You can definitely freeze Pasta e Fagioli, though for the best texture, consider freezing the soup base without pasta (add fresh pasta when you reheat). Freeze in sturdy containers, leaving some space for expansion, and thaw overnight in the fridge before reheating.

Reheating

Gently reheat on the stovetop over medium-low heat, adding a splash of broth or water to loosen as needed. The flavors deepen overnight, so leftovers taste even more amazing—just stir gently so the beans and pasta stay intact!

FAQs

  1. Can I use dried beans instead of canned for Pasta e Fagioli?

    Yes, absolutely! Soak 1 cup of dried cannellini beans overnight, then simmer until tender before adding to the soup. This adds a bit of prep time, but the creamy texture is fantastic.

  2. What pasta shapes work best in Pasta e Fagioli?

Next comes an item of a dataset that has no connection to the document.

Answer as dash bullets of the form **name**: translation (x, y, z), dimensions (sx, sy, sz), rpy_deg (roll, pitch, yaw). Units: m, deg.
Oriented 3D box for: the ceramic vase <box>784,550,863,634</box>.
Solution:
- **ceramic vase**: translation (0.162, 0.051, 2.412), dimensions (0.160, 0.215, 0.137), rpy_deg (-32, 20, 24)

    Ditalini is classic, but any small, tubular or short pasta works—think elbow macaroni, small shells, or even broken spaghetti. The important thing is that it’s bite-sized for easy eating alongside the beans.

  3. Can I make Pasta e Fagioli vegan?

    Definitely—just skip the Parmesan rind and finish with vegan Parmesan or a sprinkle of nutritional yeast for a delicious, plant-based version that doesn’t skip on flavor.

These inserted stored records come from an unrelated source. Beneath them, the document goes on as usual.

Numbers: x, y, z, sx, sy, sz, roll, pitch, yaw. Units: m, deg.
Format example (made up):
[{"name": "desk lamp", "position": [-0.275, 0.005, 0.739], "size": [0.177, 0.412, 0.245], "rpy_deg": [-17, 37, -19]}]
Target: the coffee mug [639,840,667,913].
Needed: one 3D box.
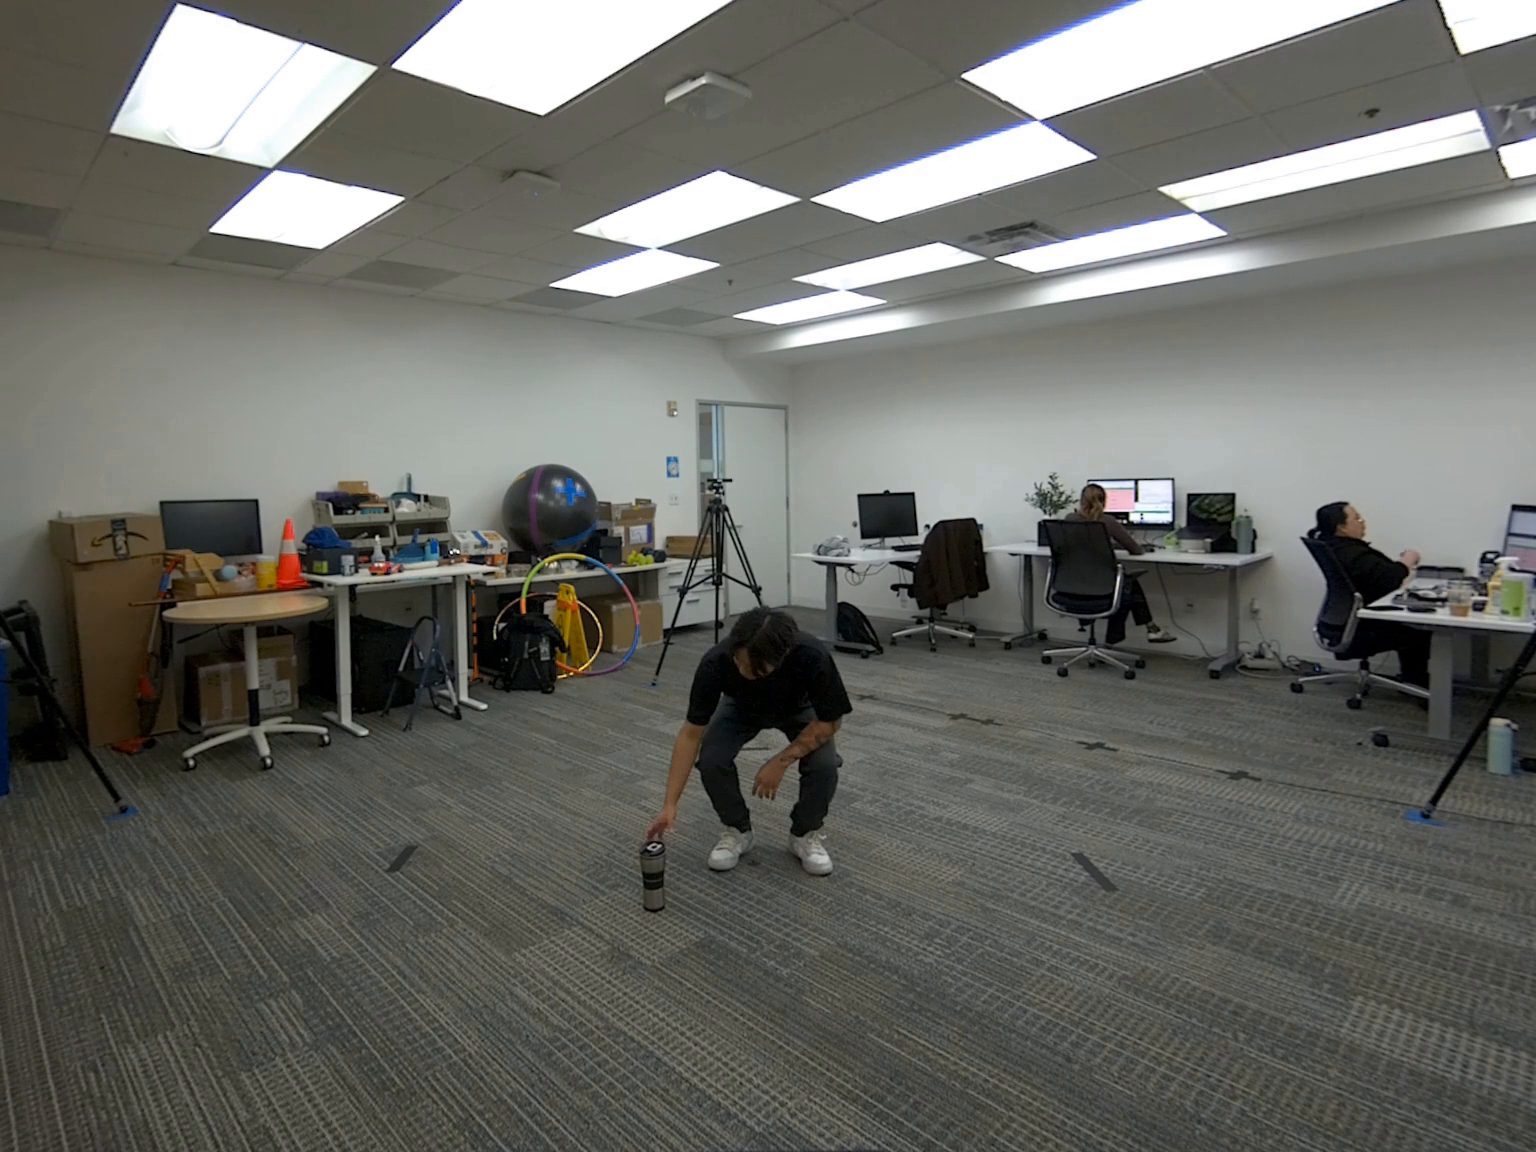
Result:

  4. How do I prevent the pasta from getting mushy in leftovers?

    If you know you’ll have leftovers, cook the pasta separately and add it to each serving. This way, the pasta holds its texture even after storing and reheating.

Final Thoughts

I can’t wait for you to bring the warmth of Pasta e Fagioli into your kitchen—it’s wholesome, satisfying, and so easy to make your own. Share it with friends, tuck into a big bowl on a cozy night, and don’t forget to save some for tomorrow—it only gets better!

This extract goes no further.